▸ Problem description: Starting with the line containing "-51.32. What is" and going on through the line containing "Make the answer very short. -58.01.", return the lines of the data below exactly, and only those.

▸ Records supplied:
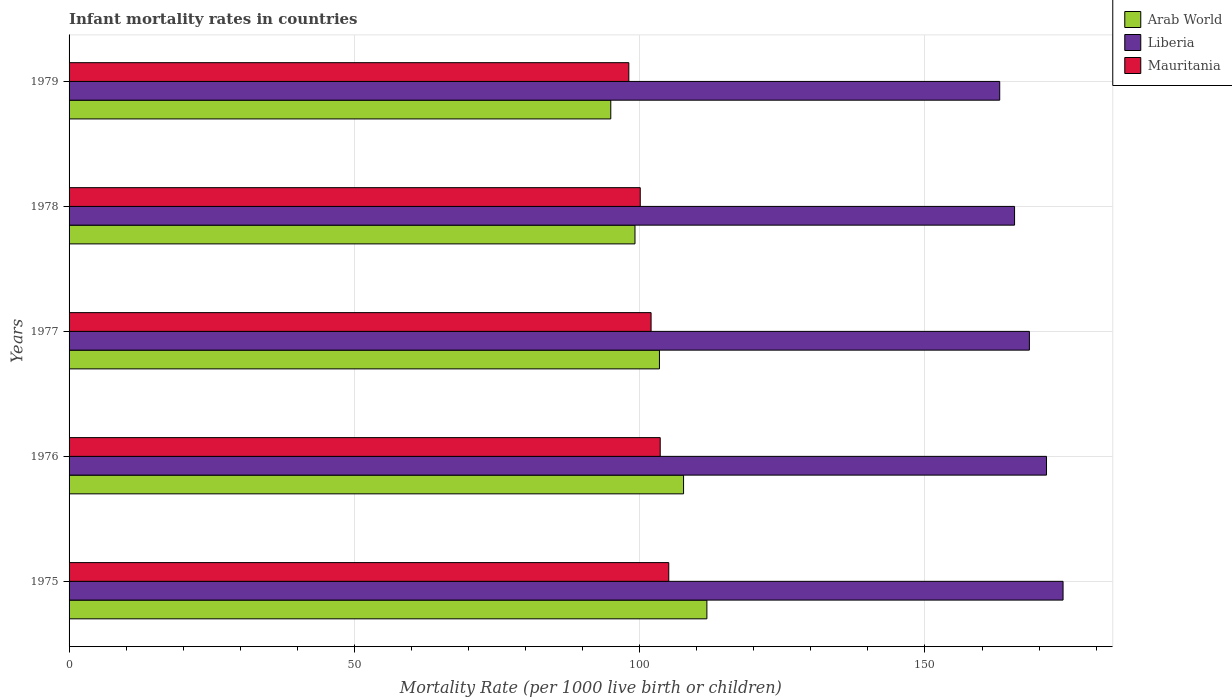How many groups of bars are there?
Keep it short and to the point. 5. Are the number of bars per tick equal to the number of legend labels?
Provide a short and direct response. Yes. What is the label of the 1st group of bars from the top?
Provide a short and direct response. 1979. In how many cases, is the number of bars for a given year not equal to the number of legend labels?
Your response must be concise. 0. What is the infant mortality rate in Arab World in 1979?
Give a very brief answer. 94.94. Across all years, what is the maximum infant mortality rate in Liberia?
Provide a short and direct response. 174.2. Across all years, what is the minimum infant mortality rate in Mauritania?
Ensure brevity in your answer.  98.1. In which year was the infant mortality rate in Mauritania maximum?
Give a very brief answer. 1975. In which year was the infant mortality rate in Arab World minimum?
Keep it short and to the point. 1979. What is the total infant mortality rate in Mauritania in the graph?
Make the answer very short. 508.9. What is the difference between the infant mortality rate in Mauritania in 1977 and that in 1978?
Provide a succinct answer. 1.9. What is the difference between the infant mortality rate in Liberia in 1977 and the infant mortality rate in Mauritania in 1976?
Provide a short and direct response. 64.7. What is the average infant mortality rate in Liberia per year?
Provide a short and direct response. 168.52. In the year 1977, what is the difference between the infant mortality rate in Mauritania and infant mortality rate in Liberia?
Offer a very short reply. -66.3. In how many years, is the infant mortality rate in Arab World greater than 170 ?
Provide a succinct answer. 0. What is the ratio of the infant mortality rate in Arab World in 1975 to that in 1978?
Provide a succinct answer. 1.13. What is the difference between the highest and the second highest infant mortality rate in Arab World?
Make the answer very short. 4.09. What is the difference between the highest and the lowest infant mortality rate in Liberia?
Provide a succinct answer. 11.1. Is the sum of the infant mortality rate in Liberia in 1975 and 1977 greater than the maximum infant mortality rate in Mauritania across all years?
Provide a succinct answer. Yes. What does the 2nd bar from the top in 1976 represents?
Your answer should be very brief. Liberia. What does the 1st bar from the bottom in 1979 represents?
Your response must be concise. Arab World. How many bars are there?
Offer a terse response. 15. What is the difference between two consecutive major ticks on the X-axis?
Provide a short and direct response. 50. Are the values on the major ticks of X-axis written in scientific E-notation?
Offer a very short reply. No. Does the graph contain any zero values?
Your answer should be compact. No. Does the graph contain grids?
Your answer should be very brief. Yes. What is the title of the graph?
Ensure brevity in your answer.  Infant mortality rates in countries. What is the label or title of the X-axis?
Provide a short and direct response. Mortality Rate (per 1000 live birth or children). What is the label or title of the Y-axis?
Provide a short and direct response. Years. What is the Mortality Rate (per 1000 live birth or children) in Arab World in 1975?
Offer a terse response. 111.78. What is the Mortality Rate (per 1000 live birth or children) of Liberia in 1975?
Ensure brevity in your answer.  174.2. What is the Mortality Rate (per 1000 live birth or children) in Mauritania in 1975?
Provide a succinct answer. 105.1. What is the Mortality Rate (per 1000 live birth or children) of Arab World in 1976?
Provide a succinct answer. 107.69. What is the Mortality Rate (per 1000 live birth or children) of Liberia in 1976?
Offer a terse response. 171.3. What is the Mortality Rate (per 1000 live birth or children) in Mauritania in 1976?
Your answer should be very brief. 103.6. What is the Mortality Rate (per 1000 live birth or children) of Arab World in 1977?
Ensure brevity in your answer.  103.47. What is the Mortality Rate (per 1000 live birth or children) of Liberia in 1977?
Make the answer very short. 168.3. What is the Mortality Rate (per 1000 live birth or children) of Mauritania in 1977?
Give a very brief answer. 102. What is the Mortality Rate (per 1000 live birth or children) in Arab World in 1978?
Keep it short and to the point. 99.18. What is the Mortality Rate (per 1000 live birth or children) in Liberia in 1978?
Give a very brief answer. 165.7. What is the Mortality Rate (per 1000 live birth or children) in Mauritania in 1978?
Provide a short and direct response. 100.1. What is the Mortality Rate (per 1000 live birth or children) in Arab World in 1979?
Make the answer very short. 94.94. What is the Mortality Rate (per 1000 live birth or children) of Liberia in 1979?
Offer a very short reply. 163.1. What is the Mortality Rate (per 1000 live birth or children) in Mauritania in 1979?
Make the answer very short. 98.1. Across all years, what is the maximum Mortality Rate (per 1000 live birth or children) of Arab World?
Give a very brief answer. 111.78. Across all years, what is the maximum Mortality Rate (per 1000 live birth or children) of Liberia?
Your answer should be compact. 174.2. Across all years, what is the maximum Mortality Rate (per 1000 live birth or children) of Mauritania?
Make the answer very short. 105.1. Across all years, what is the minimum Mortality Rate (per 1000 live birth or children) in Arab World?
Your response must be concise. 94.94. Across all years, what is the minimum Mortality Rate (per 1000 live birth or children) in Liberia?
Your response must be concise. 163.1. Across all years, what is the minimum Mortality Rate (per 1000 live birth or children) of Mauritania?
Keep it short and to the point. 98.1. What is the total Mortality Rate (per 1000 live birth or children) of Arab World in the graph?
Offer a terse response. 517.05. What is the total Mortality Rate (per 1000 live birth or children) in Liberia in the graph?
Provide a short and direct response. 842.6. What is the total Mortality Rate (per 1000 live birth or children) in Mauritania in the graph?
Offer a terse response. 508.9. What is the difference between the Mortality Rate (per 1000 live birth or children) in Arab World in 1975 and that in 1976?
Your answer should be compact. 4.09. What is the difference between the Mortality Rate (per 1000 live birth or children) of Mauritania in 1975 and that in 1976?
Offer a terse response. 1.5. What is the difference between the Mortality Rate (per 1000 live birth or children) in Arab World in 1975 and that in 1977?
Provide a short and direct response. 8.31. What is the difference between the Mortality Rate (per 1000 live birth or children) of Liberia in 1975 and that in 1977?
Your answer should be compact. 5.9. What is the difference between the Mortality Rate (per 1000 live birth or children) of Mauritania in 1975 and that in 1977?
Give a very brief answer. 3.1. What is the difference between the Mortality Rate (per 1000 live birth or children) in Arab World in 1975 and that in 1978?
Your response must be concise. 12.6. What is the difference between the Mortality Rate (per 1000 live birth or children) of Liberia in 1975 and that in 1978?
Provide a succinct answer. 8.5. What is the difference between the Mortality Rate (per 1000 live birth or children) in Mauritania in 1975 and that in 1978?
Provide a succinct answer. 5. What is the difference between the Mortality Rate (per 1000 live birth or children) in Arab World in 1975 and that in 1979?
Your answer should be very brief. 16.84. What is the difference between the Mortality Rate (per 1000 live birth or children) in Arab World in 1976 and that in 1977?
Provide a short and direct response. 4.23. What is the difference between the Mortality Rate (per 1000 live birth or children) in Liberia in 1976 and that in 1977?
Provide a succinct answer. 3. What is the difference between the Mortality Rate (per 1000 live birth or children) of Mauritania in 1976 and that in 1977?
Offer a terse response. 1.6. What is the difference between the Mortality Rate (per 1000 live birth or children) of Arab World in 1976 and that in 1978?
Make the answer very short. 8.51. What is the difference between the Mortality Rate (per 1000 live birth or children) in Liberia in 1976 and that in 1978?
Your answer should be very brief. 5.6. What is the difference between the Mortality Rate (per 1000 live birth or children) of Arab World in 1976 and that in 1979?
Keep it short and to the point. 12.76. What is the difference between the Mortality Rate (per 1000 live birth or children) of Liberia in 1976 and that in 1979?
Provide a short and direct response. 8.2. What is the difference between the Mortality Rate (per 1000 live birth or children) in Mauritania in 1976 and that in 1979?
Your answer should be compact. 5.5. What is the difference between the Mortality Rate (per 1000 live birth or children) of Arab World in 1977 and that in 1978?
Your answer should be very brief. 4.29. What is the difference between the Mortality Rate (per 1000 live birth or children) of Arab World in 1977 and that in 1979?
Your answer should be compact. 8.53. What is the difference between the Mortality Rate (per 1000 live birth or children) of Liberia in 1977 and that in 1979?
Your answer should be compact. 5.2. What is the difference between the Mortality Rate (per 1000 live birth or children) in Arab World in 1978 and that in 1979?
Make the answer very short. 4.24. What is the difference between the Mortality Rate (per 1000 live birth or children) of Liberia in 1978 and that in 1979?
Your response must be concise. 2.6. What is the difference between the Mortality Rate (per 1000 live birth or children) of Mauritania in 1978 and that in 1979?
Ensure brevity in your answer.  2. What is the difference between the Mortality Rate (per 1000 live birth or children) in Arab World in 1975 and the Mortality Rate (per 1000 live birth or children) in Liberia in 1976?
Your response must be concise. -59.52. What is the difference between the Mortality Rate (per 1000 live birth or children) in Arab World in 1975 and the Mortality Rate (per 1000 live birth or children) in Mauritania in 1976?
Keep it short and to the point. 8.18. What is the difference between the Mortality Rate (per 1000 live birth or children) in Liberia in 1975 and the Mortality Rate (per 1000 live birth or children) in Mauritania in 1976?
Offer a very short reply. 70.6. What is the difference between the Mortality Rate (per 1000 live birth or children) of Arab World in 1975 and the Mortality Rate (per 1000 live birth or children) of Liberia in 1977?
Provide a short and direct response. -56.52. What is the difference between the Mortality Rate (per 1000 live birth or children) of Arab World in 1975 and the Mortality Rate (per 1000 live birth or children) of Mauritania in 1977?
Offer a very short reply. 9.78. What is the difference between the Mortality Rate (per 1000 live birth or children) of Liberia in 1975 and the Mortality Rate (per 1000 live birth or children) of Mauritania in 1977?
Your answer should be compact. 72.2. What is the difference between the Mortality Rate (per 1000 live birth or children) in Arab World in 1975 and the Mortality Rate (per 1000 live birth or children) in Liberia in 1978?
Provide a short and direct response. -53.92. What is the difference between the Mortality Rate (per 1000 live birth or children) of Arab World in 1975 and the Mortality Rate (per 1000 live birth or children) of Mauritania in 1978?
Ensure brevity in your answer.  11.68. What is the difference between the Mortality Rate (per 1000 live birth or children) of Liberia in 1975 and the Mortality Rate (per 1000 live birth or children) of Mauritania in 1978?
Your response must be concise. 74.1. What is the difference between the Mortality Rate (per 1000 live birth or children) of Arab World in 1975 and the Mortality Rate (per 1000 live birth or children) of Liberia in 1979?
Ensure brevity in your answer.  -51.32. What is the difference between the Mortality Rate (per 1000 live birth or children) of Arab World in 1975 and the Mortality Rate (per 1000 live birth or children) of Mauritania in 1979?
Offer a terse response. 13.68. What is the difference between the Mortality Rate (per 1000 live birth or children) of Liberia in 1975 and the Mortality Rate (per 1000 live birth or children) of Mauritania in 1979?
Offer a very short reply. 76.1. What is the difference between the Mortality Rate (per 1000 live birth or children) of Arab World in 1976 and the Mortality Rate (per 1000 live birth or children) of Liberia in 1977?
Offer a very short reply. -60.61. What is the difference between the Mortality Rate (per 1000 live birth or children) of Arab World in 1976 and the Mortality Rate (per 1000 live birth or children) of Mauritania in 1977?
Provide a short and direct response. 5.69. What is the difference between the Mortality Rate (per 1000 live birth or children) of Liberia in 1976 and the Mortality Rate (per 1000 live birth or children) of Mauritania in 1977?
Provide a short and direct response. 69.3. What is the difference between the Mortality Rate (per 1000 live birth or children) in Arab World in 1976 and the Mortality Rate (per 1000 live birth or children) in Liberia in 1978?
Make the answer very short. -58.01. What is the difference between the Mortality Rate (per 1000 live birth or children) of Arab World in 1976 and the Mortality Rate (per 1000 live birth or children) of Mauritania in 1978?
Ensure brevity in your answer.  7.59. What is the difference between the Mortality Rate (per 1000 live birth or children) in Liberia in 1976 and the Mortality Rate (per 1000 live birth or children) in Mauritania in 1978?
Keep it short and to the point. 71.2. What is the difference between the Mortality Rate (per 1000 live birth or children) of Arab World in 1976 and the Mortality Rate (per 1000 live birth or children) of Liberia in 1979?
Ensure brevity in your answer.  -55.41. What is the difference between the Mortality Rate (per 1000 live birth or children) of Arab World in 1976 and the Mortality Rate (per 1000 live birth or children) of Mauritania in 1979?
Your answer should be compact. 9.59. What is the difference between the Mortality Rate (per 1000 live birth or children) in Liberia in 1976 and the Mortality Rate (per 1000 live birth or children) in Mauritania in 1979?
Your answer should be very brief. 73.2. What is the difference between the Mortality Rate (per 1000 live birth or children) of Arab World in 1977 and the Mortality Rate (per 1000 live birth or children) of Liberia in 1978?
Provide a succinct answer. -62.23. What is the difference between the Mortality Rate (per 1000 live birth or children) in Arab World in 1977 and the Mortality Rate (per 1000 live birth or children) in Mauritania in 1978?
Make the answer very short. 3.37. What is the difference between the Mortality Rate (per 1000 live birth or children) in Liberia in 1977 and the Mortality Rate (per 1000 live birth or children) in Mauritania in 1978?
Provide a succinct answer. 68.2. What is the difference between the Mortality Rate (per 1000 live birth or children) in Arab World in 1977 and the Mortality Rate (per 1000 live birth or children) in Liberia in 1979?
Offer a terse response. -59.63. What is the difference between the Mortality Rate (per 1000 live birth or children) of Arab World in 1977 and the Mortality Rate (per 1000 live birth or children) of Mauritania in 1979?
Ensure brevity in your answer.  5.37. What is the difference between the Mortality Rate (per 1000 live birth or children) of Liberia in 1977 and the Mortality Rate (per 1000 live birth or children) of Mauritania in 1979?
Give a very brief answer. 70.2. What is the difference between the Mortality Rate (per 1000 live birth or children) in Arab World in 1978 and the Mortality Rate (per 1000 live birth or children) in Liberia in 1979?
Offer a terse response. -63.92. What is the difference between the Mortality Rate (per 1000 live birth or children) in Arab World in 1978 and the Mortality Rate (per 1000 live birth or children) in Mauritania in 1979?
Your answer should be compact. 1.08. What is the difference between the Mortality Rate (per 1000 live birth or children) in Liberia in 1978 and the Mortality Rate (per 1000 live birth or children) in Mauritania in 1979?
Your answer should be very brief. 67.6. What is the average Mortality Rate (per 1000 live birth or children) in Arab World per year?
Your answer should be compact. 103.41. What is the average Mortality Rate (per 1000 live birth or children) of Liberia per year?
Provide a succinct answer. 168.52. What is the average Mortality Rate (per 1000 live birth or children) of Mauritania per year?
Keep it short and to the point. 101.78. In the year 1975, what is the difference between the Mortality Rate (per 1000 live birth or children) in Arab World and Mortality Rate (per 1000 live birth or children) in Liberia?
Offer a terse response. -62.42. In the year 1975, what is the difference between the Mortality Rate (per 1000 live birth or children) in Arab World and Mortality Rate (per 1000 live birth or children) in Mauritania?
Keep it short and to the point. 6.68. In the year 1975, what is the difference between the Mortality Rate (per 1000 live birth or children) in Liberia and Mortality Rate (per 1000 live birth or children) in Mauritania?
Offer a terse response. 69.1. In the year 1976, what is the difference between the Mortality Rate (per 1000 live birth or children) of Arab World and Mortality Rate (per 1000 live birth or children) of Liberia?
Give a very brief answer. -63.61. In the year 1976, what is the difference between the Mortality Rate (per 1000 live birth or children) in Arab World and Mortality Rate (per 1000 live birth or children) in Mauritania?
Provide a succinct answer. 4.09. In the year 1976, what is the difference between the Mortality Rate (per 1000 live birth or children) of Liberia and Mortality Rate (per 1000 live birth or children) of Mauritania?
Keep it short and to the point. 67.7. In the year 1977, what is the difference between the Mortality Rate (per 1000 live birth or children) of Arab World and Mortality Rate (per 1000 live birth or children) of Liberia?
Give a very brief answer. -64.83. In the year 1977, what is the difference between the Mortality Rate (per 1000 live birth or children) of Arab World and Mortality Rate (per 1000 live birth or children) of Mauritania?
Your response must be concise. 1.47. In the year 1977, what is the difference between the Mortality Rate (per 1000 live birth or children) of Liberia and Mortality Rate (per 1000 live birth or children) of Mauritania?
Offer a terse response. 66.3. In the year 1978, what is the difference between the Mortality Rate (per 1000 live birth or children) in Arab World and Mortality Rate (per 1000 live birth or children) in Liberia?
Keep it short and to the point. -66.52. In the year 1978, what is the difference between the Mortality Rate (per 1000 live birth or children) in Arab World and Mortality Rate (per 1000 live birth or children) in Mauritania?
Ensure brevity in your answer.  -0.92. In the year 1978, what is the difference between the Mortality Rate (per 1000 live birth or children) in Liberia and Mortality Rate (per 1000 live birth or children) in Mauritania?
Ensure brevity in your answer.  65.6. In the year 1979, what is the difference between the Mortality Rate (per 1000 live birth or children) of Arab World and Mortality Rate (per 1000 live birth or children) of Liberia?
Offer a terse response. -68.16. In the year 1979, what is the difference between the Mortality Rate (per 1000 live birth or children) in Arab World and Mortality Rate (per 1000 live birth or children) in Mauritania?
Your answer should be very brief. -3.16. What is the ratio of the Mortality Rate (per 1000 live birth or children) of Arab World in 1975 to that in 1976?
Your answer should be compact. 1.04. What is the ratio of the Mortality Rate (per 1000 live birth or children) in Liberia in 1975 to that in 1976?
Ensure brevity in your answer.  1.02. What is the ratio of the Mortality Rate (per 1000 live birth or children) of Mauritania in 1975 to that in 1976?
Offer a very short reply. 1.01. What is the ratio of the Mortality Rate (per 1000 live birth or children) of Arab World in 1975 to that in 1977?
Your answer should be very brief. 1.08. What is the ratio of the Mortality Rate (per 1000 live birth or children) of Liberia in 1975 to that in 1977?
Offer a terse response. 1.04. What is the ratio of the Mortality Rate (per 1000 live birth or children) of Mauritania in 1975 to that in 1977?
Your response must be concise. 1.03. What is the ratio of the Mortality Rate (per 1000 live birth or children) in Arab World in 1975 to that in 1978?
Your answer should be very brief. 1.13. What is the ratio of the Mortality Rate (per 1000 live birth or children) in Liberia in 1975 to that in 1978?
Your answer should be compact. 1.05. What is the ratio of the Mortality Rate (per 1000 live birth or children) in Arab World in 1975 to that in 1979?
Your answer should be very brief. 1.18. What is the ratio of the Mortality Rate (per 1000 live birth or children) in Liberia in 1975 to that in 1979?
Ensure brevity in your answer.  1.07. What is the ratio of the Mortality Rate (per 1000 live birth or children) of Mauritania in 1975 to that in 1979?
Offer a very short reply. 1.07. What is the ratio of the Mortality Rate (per 1000 live birth or children) in Arab World in 1976 to that in 1977?
Your answer should be very brief. 1.04. What is the ratio of the Mortality Rate (per 1000 live birth or children) of Liberia in 1976 to that in 1977?
Offer a terse response. 1.02. What is the ratio of the Mortality Rate (per 1000 live birth or children) of Mauritania in 1976 to that in 1977?
Your response must be concise. 1.02. What is the ratio of the Mortality Rate (per 1000 live birth or children) in Arab World in 1976 to that in 1978?
Offer a very short reply. 1.09. What is the ratio of the Mortality Rate (per 1000 live birth or children) of Liberia in 1976 to that in 1978?
Offer a terse response. 1.03. What is the ratio of the Mortality Rate (per 1000 live birth or children) in Mauritania in 1976 to that in 1978?
Give a very brief answer. 1.03. What is the ratio of the Mortality Rate (per 1000 live birth or children) in Arab World in 1976 to that in 1979?
Keep it short and to the point. 1.13. What is the ratio of the Mortality Rate (per 1000 live birth or children) of Liberia in 1976 to that in 1979?
Give a very brief answer. 1.05. What is the ratio of the Mortality Rate (per 1000 live birth or children) of Mauritania in 1976 to that in 1979?
Offer a terse response. 1.06. What is the ratio of the Mortality Rate (per 1000 live birth or children) in Arab World in 1977 to that in 1978?
Offer a very short reply. 1.04. What is the ratio of the Mortality Rate (per 1000 live birth or children) of Liberia in 1977 to that in 1978?
Offer a terse response. 1.02. What is the ratio of the Mortality Rate (per 1000 live birth or children) in Mauritania in 1977 to that in 1978?
Ensure brevity in your answer.  1.02. What is the ratio of the Mortality Rate (per 1000 live birth or children) in Arab World in 1977 to that in 1979?
Offer a terse response. 1.09. What is the ratio of the Mortality Rate (per 1000 live birth or children) in Liberia in 1977 to that in 1979?
Your answer should be compact. 1.03. What is the ratio of the Mortality Rate (per 1000 live birth or children) in Mauritania in 1977 to that in 1979?
Your answer should be compact. 1.04. What is the ratio of the Mortality Rate (per 1000 live birth or children) in Arab World in 1978 to that in 1979?
Keep it short and to the point. 1.04. What is the ratio of the Mortality Rate (per 1000 live birth or children) of Liberia in 1978 to that in 1979?
Your answer should be very brief. 1.02. What is the ratio of the Mortality Rate (per 1000 live birth or children) of Mauritania in 1978 to that in 1979?
Offer a very short reply. 1.02. What is the difference between the highest and the second highest Mortality Rate (per 1000 live birth or children) in Arab World?
Give a very brief answer. 4.09. What is the difference between the highest and the second highest Mortality Rate (per 1000 live birth or children) of Mauritania?
Give a very brief answer. 1.5. What is the difference between the highest and the lowest Mortality Rate (per 1000 live birth or children) of Arab World?
Ensure brevity in your answer.  16.84.

▸ Answer section:
Ensure brevity in your answer.  -51.32. What is the difference between the Mortality Rate (per 1000 live birth or children) of Arab World in 1975 and the Mortality Rate (per 1000 live birth or children) of Mauritania in 1979?
Offer a terse response. 13.68. What is the difference between the Mortality Rate (per 1000 live birth or children) of Liberia in 1975 and the Mortality Rate (per 1000 live birth or children) of Mauritania in 1979?
Offer a very short reply. 76.1. What is the difference between the Mortality Rate (per 1000 live birth or children) of Arab World in 1976 and the Mortality Rate (per 1000 live birth or children) of Liberia in 1977?
Offer a very short reply. -60.61. What is the difference between the Mortality Rate (per 1000 live birth or children) of Arab World in 1976 and the Mortality Rate (per 1000 live birth or children) of Mauritania in 1977?
Provide a short and direct response. 5.69. What is the difference between the Mortality Rate (per 1000 live birth or children) of Liberia in 1976 and the Mortality Rate (per 1000 live birth or children) of Mauritania in 1977?
Provide a short and direct response. 69.3. What is the difference between the Mortality Rate (per 1000 live birth or children) in Arab World in 1976 and the Mortality Rate (per 1000 live birth or children) in Liberia in 1978?
Make the answer very short. -58.01. What is the difference between the Mortality Rate (per 1000 live birth or children) of Arab World in 1976 and the Mortality Rate (per 1000 live birth or children) of Mauritania in 1978?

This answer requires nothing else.